● **Prompt**:
Please return every line from the entries that has the string "percussion" in it.
*** Opening Input data ***
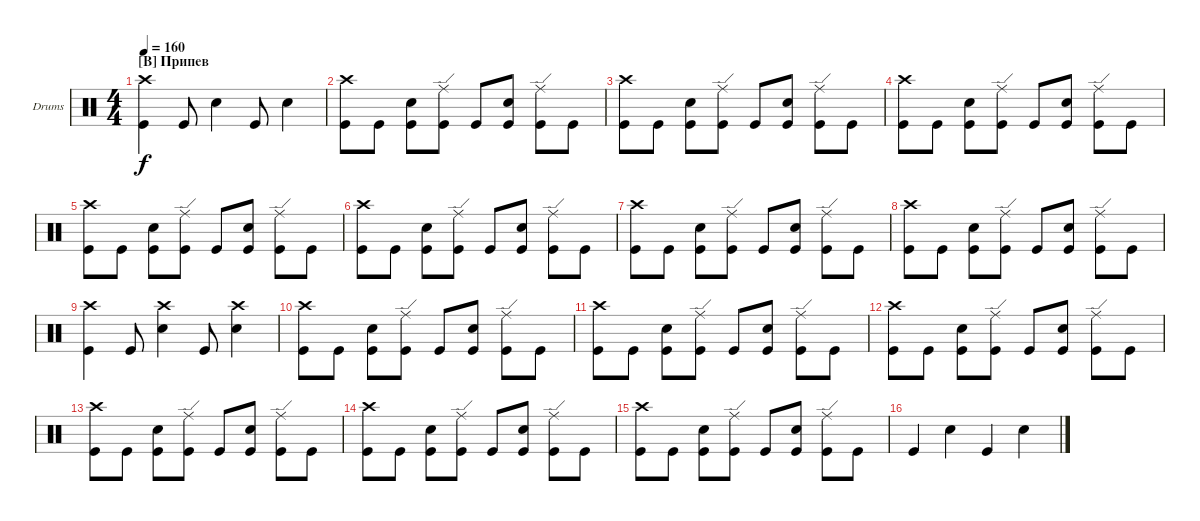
\defaultSystemsLayout 4
\bracketExtendMode groupsimilarinstruments
\firstSystemTrackNameOrientation horizontal
\otherSystemsTrackNameOrientation horizontal
\track ("Drumkit" "Drums") {instrument percussion}
\staff {score}
\articulation defaults
\ts (4 4)
\section ("B" "Припев")
\tempo 160
\clef neutral
\ks c
("Kick (hit)" "Crash high (hit)").4{dy f} "Kick (hit)".8 "Snare (hit) 2".4 "Kick (hit)".8 "Snare (hit) 2".4 |
("Kick (hit)" "Crash high (hit)").8 "Kick (hit)".8 ("Kick (hit)" "Snare (hit) 2").8 ("Kick (hit)" "Ride (edge)").8 "Kick (hit)".8 ("Kick (hit)" "Snare (hit) 2").8 ("Kick (hit)" "Ride (edge)").8 "Kick (hit)".8 |
("Kick (hit)" "Crash high (hit)").8 "Kick (hit)".8 ("Kick (hit)" "Snare (hit) 2").8 ("Kick (hit)" "Ride (edge)").8 "Kick (hit)".8 ("Kick (hit)" "Snare (hit) 2").8 ("Kick (hit)" "Ride (edge)").8 "Kick (hit)".8 |
("Kick (hit)" "Crash high (hit)").8 "Kick (hit)".8 ("Kick (hit)" "Snare (hit) 2").8 ("Kick (hit)" "Ride (edge)").8 "Kick (hit)".8 ("Kick (hit)" "Snare (hit) 2").8 ("Kick (hit)" "Ride (edge)").8 "Kick (hit)".8 |
("Kick (hit)" "Crash high (hit)").8 "Kick (hit)".8 ("Kick (hit)" "Snare (hit) 2").8 ("Kick (hit)" "Ride (edge)").8 "Kick (hit)".8 ("Kick (hit)" "Snare (hit) 2").8 ("Kick (hit)" "Ride (edge)").8 "Kick (hit)".8 |
("Kick (hit)" "Crash high (hit)").8 "Kick (hit)".8 ("Kick (hit)" "Snare (hit) 2").8 ("Kick (hit)" "Ride (edge)").8 "Kick (hit)".8 ("Kick (hit)" "Snare (hit) 2").8 ("Kick (hit)" "Ride (edge)").8 "Kick (hit)".8 |
("Kick (hit)" "Crash high (hit)").8 "Kick (hit)".8 ("Kick (hit)" "Snare (hit) 2").8 ("Kick (hit)" "Ride (edge)").8 "Kick (hit)".8 ("Kick (hit)" "Snare (hit) 2").8 ("Kick (hit)" "Ride (edge)").8 "Kick (hit)".8 |
("Kick (hit)" "Crash high (hit)").8 "Kick (hit)".8 ("Kick (hit)" "Snare (hit) 2").8 ("Kick (hit)" "Ride (edge)").8 "Kick (hit)".8 ("Kick (hit)" "Snare (hit) 2").8 ("Kick (hit)" "Ride (edge)").8 "Kick (hit)".8 |
("Kick (hit)" "Crash high (hit)").4 "Kick (hit)".8 ("Snare (hit) 2" "Crash high (hit)").4 "Kick (hit)".8 ("Snare (hit) 2" "Crash high (hit)").4 |
("Kick (hit)" "Crash high (hit)").8 "Kick (hit)".8 ("Kick (hit)" "Snare (hit) 2").8 ("Kick (hit)" "Ride (edge)").8 "Kick (hit)".8 ("Kick (hit)" "Snare (hit) 2").8 ("Kick (hit)" "Ride (edge)").8 "Kick (hit)".8 |
("Kick (hit)" "Crash high (hit)").8 "Kick (hit)".8 ("Kick (hit)" "Snare (hit) 2").8 ("Kick (hit)" "Ride (edge)").8 "Kick (hit)".8 ("Kick (hit)" "Snare (hit) 2").8 ("Kick (hit)" "Ride (edge)").8 "Kick (hit)".8 |
("Kick (hit)" "Crash high (hit)").8 "Kick (hit)".8 ("Kick (hit)" "Snare (hit) 2").8 ("Kick (hit)" "Ride (edge)").8 "Kick (hit)".8 ("Kick (hit)" "Snare (hit) 2").8 ("Kick (hit)" "Ride (edge)").8 "Kick (hit)".8 |
("Kick (hit)" "Crash high (hit)").8 "Kick (hit)".8 ("Kick (hit)" "Snare (hit) 2").8 ("Kick (hit)" "Ride (edge)").8 "Kick (hit)".8 ("Kick (hit)" "Snare (hit) 2").8 ("Kick (hit)" "Ride (edge)").8 "Kick (hit)".8 |
("Kick (hit)" "Crash high (hit)").8 "Kick (hit)".8 ("Kick (hit)" "Snare (hit) 2").8 ("Kick (hit)" "Ride (edge)").8 "Kick (hit)".8 ("Kick (hit)" "Snare (hit) 2").8 ("Kick (hit)" "Ride (edge)").8 "Kick (hit)".8 |
("Kick (hit)" "Crash high (hit)").8 "Kick (hit)".8 ("Kick (hit)" "Snare (hit) 2").8 ("Kick (hit)" "Ride (edge)").8 "Kick (hit)".8 ("Kick (hit)" "Snare (hit) 2").8 ("Kick (hit)" "Ride (edge)").8 "Kick (hit)".8 |
"Kick (hit)".4 "Snare (hit) 2".4 "Kick (hit)".4 "Snare (hit) 2".4
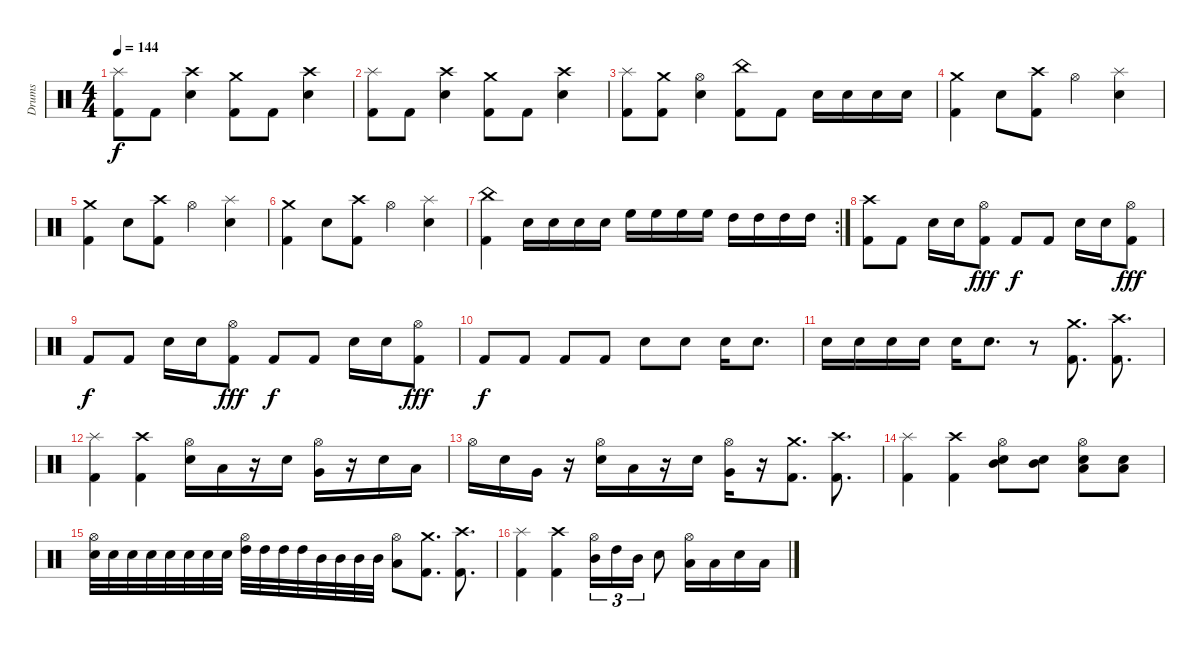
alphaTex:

\track ("Drums" "Drums") {instrument percussion}
\staff {score}
\articulation defaults
\ts (4 4)
\tempo 144
\clef neutral
\ks c
("Kick (hit) 2" "Splash (hit)").8{dy f} "Kick (hit) 2".8 ("Snare (hit) 2" "Crash high (hit)").4 ("Kick (hit) 2" "Crash medium (hit)").8 "Kick (hit) 2".8 ("Snare (hit) 2" "Crash high (hit)").4 |
("Kick (hit) 2" "Splash (hit)").8 "Kick (hit) 2".8 ("Snare (hit) 2" "Crash high (hit)").4 ("Kick (hit) 2" "Crash medium (hit)").8 "Kick (hit) 2".8 ("Snare (hit) 2" "Crash high (hit)").4 |
("Kick (hit) 2" "Splash (hit)").8 ("Kick (hit) 2" "Crash medium (hit)").8 ("Snare (hit) 2" "Hi-Hat (open)").4 ("Kick (hit) 2" "China (hit)").8 "Kick (hit) 2".8 "Snare (hit) 2".16 "Snare (hit) 2".16 "Snare (hit) 2".16 "Snare (hit) 2".16 |
("Kick (hit) 2" "Crash medium (hit)").4 "Snare (hit) 2".8 ("Kick (hit) 2" "Crash high (hit)").8 "Hi-Hat (open)".4 ("Snare (hit) 2" "Splash (hit)").4 |
("Kick (hit) 2" "Crash medium (hit)").4 "Snare (hit) 2".8 ("Kick (hit) 2" "Crash high (hit)").8 "Hi-Hat (open)".4 ("Snare (hit) 2" "Splash (hit)").4 |
("Kick (hit) 2" "Crash medium (hit)").4 "Snare (hit) 2".8 ("Kick (hit) 2" "Crash high (hit)").8 "Hi-Hat (open)".4 ("Snare (hit) 2" "Splash (hit)").4 |
\rc 2
("Kick (hit) 2" "China (hit)").4 "Snare (hit) 2".16 "Snare (hit) 2".16 "Snare (hit) 2".16 "Snare (hit) 2".16 "High Floor Tom (hit)".16 "High Floor Tom (hit)".16 "High Floor Tom (hit)".16 "High Floor Tom (hit)".16 "High Tom (hit)".16 "High Tom (hit)".16 "High Tom (hit)".16 "High Tom (hit)".16 |
("Kick (hit) 2" "Crash high (hit)").8 "Kick (hit) 2".8 "Snare (hit) 2".16 "Snare (hit) 2".16 ("Kick (hit) 2" "Hi-Hat (open)").8{dy fff} "Kick (hit) 2".8{dy f} "Kick (hit) 2".8 "Snare (hit) 2".16 "Snare (hit) 2".16 ("Kick (hit) 2" "Hi-Hat (open)").8{dy fff} |
"Kick (hit) 2".8{dy f} "Kick (hit) 2".8 "Snare (hit) 2".16 "Snare (hit) 2".16 ("Kick (hit) 2" "Hi-Hat (open)").8{dy fff} "Kick (hit) 2".8{dy f} "Kick (hit) 2".8 "Snare (hit) 2".16 "Snare (hit) 2".16 ("Kick (hit) 2" "Hi-Hat (open)").8{dy fff} |
"Kick (hit) 2".8{dy f} "Kick (hit) 2".8 "Kick (hit) 2".8 "Kick (hit) 2".8 "Snare (hit) 2".8 "Snare (hit) 2".8 "Snare (hit) 2".16 "Snare (hit) 2".8{d} |
"Snare (hit) 2".16 "Snare (hit) 2".16 "Snare (hit) 2".16 "Snare (hit) 2".16 "Snare (hit) 2".16 "Snare (hit) 2".8{d} r.8 ("Kick (hit) 2" "Crash medium (hit)").8{d} ("Kick (hit) 2" "Crash high (hit)").8{d} |
("Kick (hit) 2" "Splash (hit)").4 ("Kick (hit) 2" "Crash high (hit)").4 ("Snare (hit) 2" "Hi-Hat (open)").16 "Low Floor Tom (hit)".16 r.16 "Snare (hit) 2".16 ("Very Low Tom (hit)" "Hi-Hat (open)").16 r.16 "Snare (hit) 2".16 "Low Floor Tom (hit)".16 |
"Hi-Hat (open)".16 "Snare (hit) 2".16 "Very Low Tom (hit)".16 r.16 ("Snare (hit) 2" "Hi-Hat (open)").16 "Low Floor Tom (hit)".16 r.16 "Snare (hit) 2".16 ("Very Low Tom (hit)" "Hi-Hat (open)").16 r.16 ("Kick (hit) 2" "Crash medium (hit)").8{d} ("Kick (hit) 2" "Crash high (hit)").8{d} |
("Kick (hit) 2" "Splash (hit)").4 ("Kick (hit) 2" "Crash high (hit)").4 ("Mid Tom (hit)" "Snare (hit) 2" "Hi-Hat (open)").8 ("Mid Tom (hit)" "Snare (hit) 2").8 ("Low Tom (hit)" "Snare (hit) 2" "Hi-Hat (open)").8 ("Low Tom (hit)" "Snare (hit) 2").8 |
("Snare (hit) 2" "Hi-Hat (open)").32 "Snare (hit) 2".32 "Snare (hit) 2".32 "Snare (hit) 2".32 "Snare (hit) 2".32 "Snare (hit) 2".32 "Snare (hit) 2".32 "Snare (hit) 2".32 ("High Tom (hit)" "Hi-Hat (open)").32 "High Tom (hit)".32 "High Tom (hit)".32 "High Tom (hit)".32 "Mid Tom (hit)".32 "Mid Tom (hit)".32 "Mid Tom (hit)".32 "Mid Tom (hit)".32 ("Low Floor Tom (hit)" "Hi-Hat (open)").8 ("Kick (hit) 2" "Crash medium (hit)").8{d} ("Kick (hit) 2" "Crash high (hit)").8{d} |
("Kick (hit) 2" "Splash (hit)").4 ("Kick (hit) 2" "Crash high (hit)").4 ("Mid Tom (hit)" "Hi-Hat (open)").16{tu (3 2)} "High Tom (hit)".16{tu (3 2)} "Mid Tom (hit)".16{tu (3 2)} "Snare (hit) 2".8 ("Low Tom (hit)" "Hi-Hat (open)").16 "Low Floor Tom (hit)".16 "Snare (hit) 2".16 "Low Tom (hit)".16
*** Closing Input data ***
● **Your solution**:
\track ("Drumkit" "Drums") {instrument percussion}
\track ("Drums" "Drums") {instrument percussion}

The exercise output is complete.